Shaking his head, he can’t help but smile when he continues. “So, I was checking you out one day while you were walking ahead of me. He pulled me aside and asked me if I had feelings for you, so I said, ‘yes,’ because I did, Sera. I do. But you keep talking about your boyfriend all the time, and I guess I just figured it wasn’t gonna happen.”
“I’ve been very upfront with you about that, Brett. I’m sorry, but I can’t change the fact that I love my boyfriend.”
Interrupting me, he adds, “Yeah, a boyfriend who isn’t here. I’m here, Sera. I am. I know you feel something for me. Your blush gives you away.”
“Cal’s probably not here because my freaking dad is trying to keep me away from him. I just know he brought me to Dallas for that reason more than for anything else.”
“Your Dad obviously loves you. I’m sure he would never try to hurt you. If he really is trying to keep you away from your boyfriend, maybe he has a good reason.”

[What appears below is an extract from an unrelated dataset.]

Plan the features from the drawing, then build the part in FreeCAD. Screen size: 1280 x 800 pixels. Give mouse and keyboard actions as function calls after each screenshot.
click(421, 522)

“Oh my God, Brett. You just don’t get it. I mean, of course my dad loves me, but he’s a control freak. He’s practically holding me captive. It’s ridiculous. And whatever his reason is, it sucks. Because I’m smart enough to choose who I love,” I say.

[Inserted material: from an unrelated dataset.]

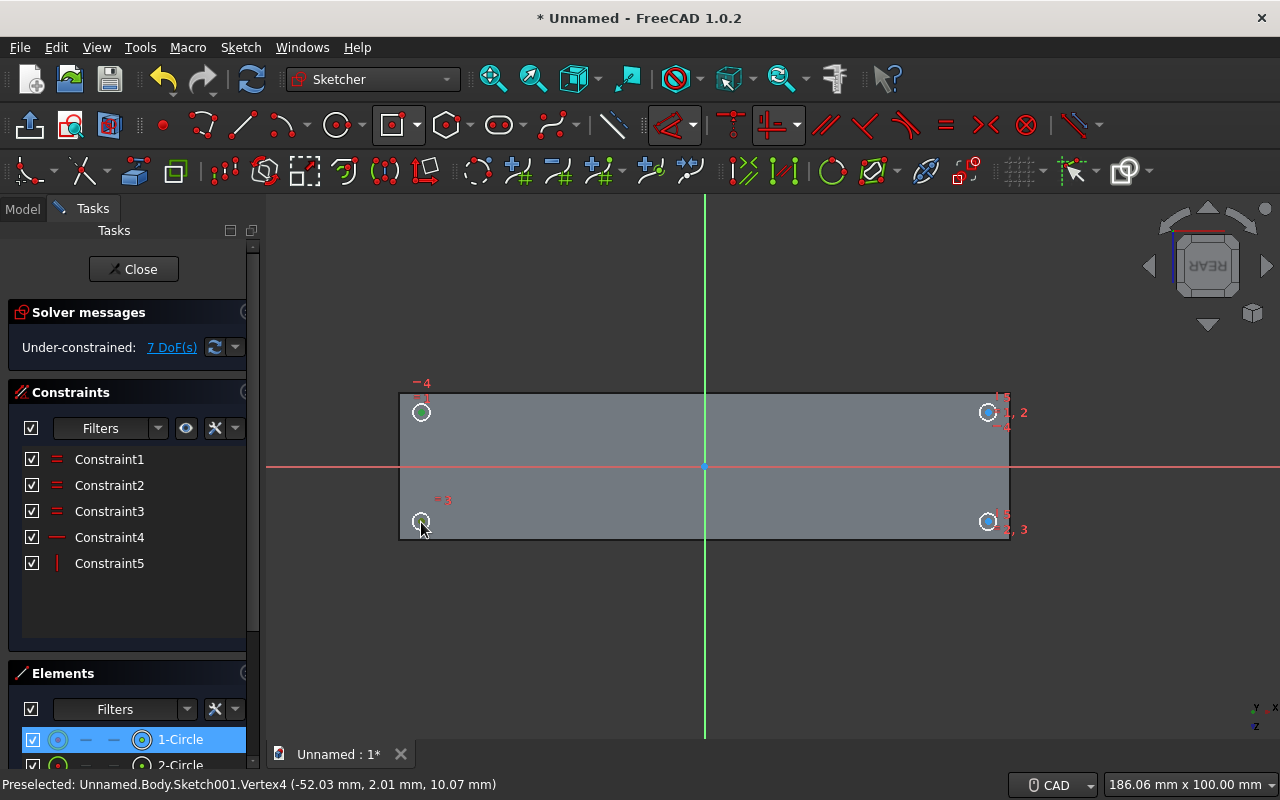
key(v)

“You’re right, and I’m sorry. Ok? Will you forgive me so we can just move forward? I genuinely do want the best for you. I want to help you recover completely; and, if your boyfriend doesn’t come through, will you consider at least one date with me?”
Although I still feel frustrated, it’s nice to know that Brett isn’t as bad as I was beginning to think he was. The thought of his helping me while having ulterior motives disgusted me.
“Fine, but don’t count on me coming back, because once I’m back with my boyfriend, I know everything will fall back into place. Thank you, though, for telling me the truth. I appreciate that, and I’m thankful for your help.”